▶ _Task objective_
A verbatim copy of all the data is required; the pictures should not appear in it.

****

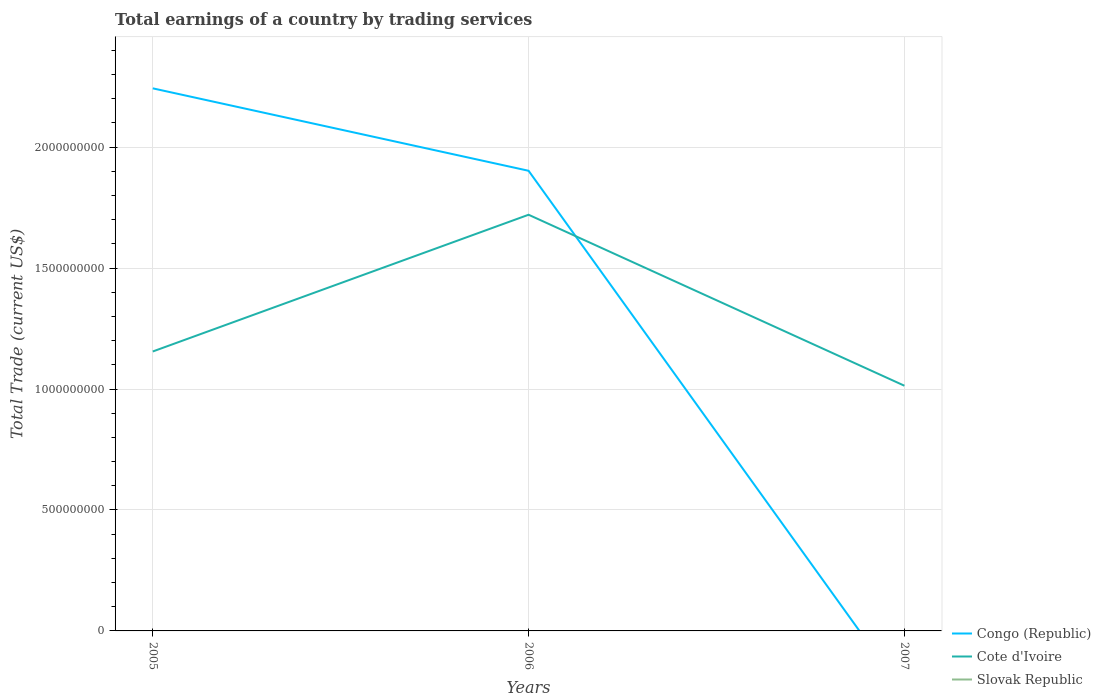How many different coloured lines are there?
Ensure brevity in your answer.  2. Does the line corresponding to Cote d'Ivoire intersect with the line corresponding to Congo (Republic)?
Provide a succinct answer. Yes. Across all years, what is the maximum total earnings in Congo (Republic)?
Offer a very short reply. 0. What is the total total earnings in Congo (Republic) in the graph?
Ensure brevity in your answer.  3.41e+08. What is the difference between the highest and the second highest total earnings in Cote d'Ivoire?
Keep it short and to the point. 7.07e+08. What is the difference between the highest and the lowest total earnings in Cote d'Ivoire?
Provide a short and direct response. 1. Is the total earnings in Cote d'Ivoire strictly greater than the total earnings in Slovak Republic over the years?
Provide a short and direct response. No. How many lines are there?
Offer a terse response. 2. How many years are there in the graph?
Your answer should be very brief. 3. Where does the legend appear in the graph?
Offer a terse response. Bottom right. How many legend labels are there?
Keep it short and to the point. 3. How are the legend labels stacked?
Offer a terse response. Vertical. What is the title of the graph?
Your answer should be very brief. Total earnings of a country by trading services. What is the label or title of the X-axis?
Your answer should be very brief. Years. What is the label or title of the Y-axis?
Ensure brevity in your answer.  Total Trade (current US$). What is the Total Trade (current US$) in Congo (Republic) in 2005?
Give a very brief answer. 2.24e+09. What is the Total Trade (current US$) in Cote d'Ivoire in 2005?
Ensure brevity in your answer.  1.16e+09. What is the Total Trade (current US$) of Congo (Republic) in 2006?
Give a very brief answer. 1.90e+09. What is the Total Trade (current US$) in Cote d'Ivoire in 2006?
Give a very brief answer. 1.72e+09. What is the Total Trade (current US$) in Slovak Republic in 2006?
Keep it short and to the point. 0. What is the Total Trade (current US$) of Cote d'Ivoire in 2007?
Keep it short and to the point. 1.01e+09. What is the Total Trade (current US$) in Slovak Republic in 2007?
Offer a terse response. 0. Across all years, what is the maximum Total Trade (current US$) in Congo (Republic)?
Offer a terse response. 2.24e+09. Across all years, what is the maximum Total Trade (current US$) in Cote d'Ivoire?
Keep it short and to the point. 1.72e+09. Across all years, what is the minimum Total Trade (current US$) of Cote d'Ivoire?
Give a very brief answer. 1.01e+09. What is the total Total Trade (current US$) of Congo (Republic) in the graph?
Provide a short and direct response. 4.15e+09. What is the total Total Trade (current US$) of Cote d'Ivoire in the graph?
Give a very brief answer. 3.89e+09. What is the difference between the Total Trade (current US$) in Congo (Republic) in 2005 and that in 2006?
Your response must be concise. 3.41e+08. What is the difference between the Total Trade (current US$) of Cote d'Ivoire in 2005 and that in 2006?
Give a very brief answer. -5.65e+08. What is the difference between the Total Trade (current US$) in Cote d'Ivoire in 2005 and that in 2007?
Give a very brief answer. 1.42e+08. What is the difference between the Total Trade (current US$) in Cote d'Ivoire in 2006 and that in 2007?
Keep it short and to the point. 7.07e+08. What is the difference between the Total Trade (current US$) of Congo (Republic) in 2005 and the Total Trade (current US$) of Cote d'Ivoire in 2006?
Your answer should be compact. 5.23e+08. What is the difference between the Total Trade (current US$) of Congo (Republic) in 2005 and the Total Trade (current US$) of Cote d'Ivoire in 2007?
Make the answer very short. 1.23e+09. What is the difference between the Total Trade (current US$) of Congo (Republic) in 2006 and the Total Trade (current US$) of Cote d'Ivoire in 2007?
Make the answer very short. 8.89e+08. What is the average Total Trade (current US$) in Congo (Republic) per year?
Provide a succinct answer. 1.38e+09. What is the average Total Trade (current US$) of Cote d'Ivoire per year?
Provide a short and direct response. 1.30e+09. What is the average Total Trade (current US$) of Slovak Republic per year?
Provide a short and direct response. 0. In the year 2005, what is the difference between the Total Trade (current US$) in Congo (Republic) and Total Trade (current US$) in Cote d'Ivoire?
Your answer should be compact. 1.09e+09. In the year 2006, what is the difference between the Total Trade (current US$) of Congo (Republic) and Total Trade (current US$) of Cote d'Ivoire?
Offer a terse response. 1.82e+08. What is the ratio of the Total Trade (current US$) in Congo (Republic) in 2005 to that in 2006?
Keep it short and to the point. 1.18. What is the ratio of the Total Trade (current US$) in Cote d'Ivoire in 2005 to that in 2006?
Ensure brevity in your answer.  0.67. What is the ratio of the Total Trade (current US$) in Cote d'Ivoire in 2005 to that in 2007?
Your response must be concise. 1.14. What is the ratio of the Total Trade (current US$) in Cote d'Ivoire in 2006 to that in 2007?
Offer a terse response. 1.7. What is the difference between the highest and the second highest Total Trade (current US$) in Cote d'Ivoire?
Your answer should be very brief. 5.65e+08. What is the difference between the highest and the lowest Total Trade (current US$) in Congo (Republic)?
Offer a terse response. 2.24e+09. What is the difference between the highest and the lowest Total Trade (current US$) in Cote d'Ivoire?
Provide a short and direct response. 7.07e+08.

****

▶ _Result of the task_
How many different coloured lines are there?
Ensure brevity in your answer.  2. Does the line corresponding to Cote d'Ivoire intersect with the line corresponding to Congo (Republic)?
Provide a succinct answer. Yes. Across all years, what is the maximum total earnings in Congo (Republic)?
Offer a very short reply. 0. What is the total total earnings in Congo (Republic) in the graph?
Ensure brevity in your answer.  3.41e+08. What is the difference between the highest and the second highest total earnings in Cote d'Ivoire?
Keep it short and to the point. 7.07e+08. What is the difference between the highest and the lowest total earnings in Cote d'Ivoire?
Provide a short and direct response. 1. Is the total earnings in Cote d'Ivoire strictly greater than the total earnings in Slovak Republic over the years?
Provide a short and direct response. No. How many lines are there?
Offer a terse response. 2. How many years are there in the graph?
Your answer should be very brief. 3. Where does the legend appear in the graph?
Offer a terse response. Bottom right. How many legend labels are there?
Keep it short and to the point. 3. How are the legend labels stacked?
Offer a terse response. Vertical. What is the title of the graph?
Your answer should be very brief. Total earnings of a country by trading services. What is the label or title of the X-axis?
Your answer should be very brief. Years. What is the label or title of the Y-axis?
Ensure brevity in your answer.  Total Trade (current US$). What is the Total Trade (current US$) in Congo (Republic) in 2005?
Give a very brief answer. 2.24e+09. What is the Total Trade (current US$) in Cote d'Ivoire in 2005?
Ensure brevity in your answer.  1.16e+09. What is the Total Trade (current US$) of Congo (Republic) in 2006?
Give a very brief answer. 1.90e+09. What is the Total Trade (current US$) in Cote d'Ivoire in 2006?
Give a very brief answer. 1.72e+09. What is the Total Trade (current US$) in Slovak Republic in 2006?
Keep it short and to the point. 0. What is the Total Trade (current US$) of Cote d'Ivoire in 2007?
Keep it short and to the point. 1.01e+09. What is the Total Trade (current US$) in Slovak Republic in 2007?
Offer a terse response. 0. Across all years, what is the maximum Total Trade (current US$) in Congo (Republic)?
Offer a terse response. 2.24e+09. Across all years, what is the maximum Total Trade (current US$) in Cote d'Ivoire?
Keep it short and to the point. 1.72e+09. Across all years, what is the minimum Total Trade (current US$) of Cote d'Ivoire?
Give a very brief answer. 1.01e+09. What is the total Total Trade (current US$) of Congo (Republic) in the graph?
Provide a short and direct response. 4.15e+09. What is the total Total Trade (current US$) of Cote d'Ivoire in the graph?
Give a very brief answer. 3.89e+09. What is the difference between the Total Trade (current US$) in Congo (Republic) in 2005 and that in 2006?
Your response must be concise. 3.41e+08. What is the difference between the Total Trade (current US$) of Cote d'Ivoire in 2005 and that in 2006?
Give a very brief answer. -5.65e+08. What is the difference between the Total Trade (current US$) in Cote d'Ivoire in 2005 and that in 2007?
Give a very brief answer. 1.42e+08. What is the difference between the Total Trade (current US$) in Cote d'Ivoire in 2006 and that in 2007?
Keep it short and to the point. 7.07e+08. What is the difference between the Total Trade (current US$) of Congo (Republic) in 2005 and the Total Trade (current US$) of Cote d'Ivoire in 2006?
Your answer should be compact. 5.23e+08. What is the difference between the Total Trade (current US$) of Congo (Republic) in 2005 and the Total Trade (current US$) of Cote d'Ivoire in 2007?
Make the answer very short. 1.23e+09. What is the difference between the Total Trade (current US$) of Congo (Republic) in 2006 and the Total Trade (current US$) of Cote d'Ivoire in 2007?
Make the answer very short. 8.89e+08. What is the average Total Trade (current US$) in Congo (Republic) per year?
Provide a succinct answer. 1.38e+09. What is the average Total Trade (current US$) of Cote d'Ivoire per year?
Provide a short and direct response. 1.30e+09. What is the average Total Trade (current US$) of Slovak Republic per year?
Provide a short and direct response. 0. In the year 2005, what is the difference between the Total Trade (current US$) in Congo (Republic) and Total Trade (current US$) in Cote d'Ivoire?
Your answer should be compact. 1.09e+09. In the year 2006, what is the difference between the Total Trade (current US$) of Congo (Republic) and Total Trade (current US$) of Cote d'Ivoire?
Offer a terse response. 1.82e+08. What is the ratio of the Total Trade (current US$) in Congo (Republic) in 2005 to that in 2006?
Keep it short and to the point. 1.18. What is the ratio of the Total Trade (current US$) in Cote d'Ivoire in 2005 to that in 2006?
Ensure brevity in your answer.  0.67. What is the ratio of the Total Trade (current US$) in Cote d'Ivoire in 2005 to that in 2007?
Your response must be concise. 1.14. What is the ratio of the Total Trade (current US$) in Cote d'Ivoire in 2006 to that in 2007?
Offer a terse response. 1.7. What is the difference between the highest and the second highest Total Trade (current US$) in Cote d'Ivoire?
Your answer should be very brief. 5.65e+08. What is the difference between the highest and the lowest Total Trade (current US$) in Congo (Republic)?
Offer a terse response. 2.24e+09. What is the difference between the highest and the lowest Total Trade (current US$) in Cote d'Ivoire?
Provide a short and direct response. 7.07e+08.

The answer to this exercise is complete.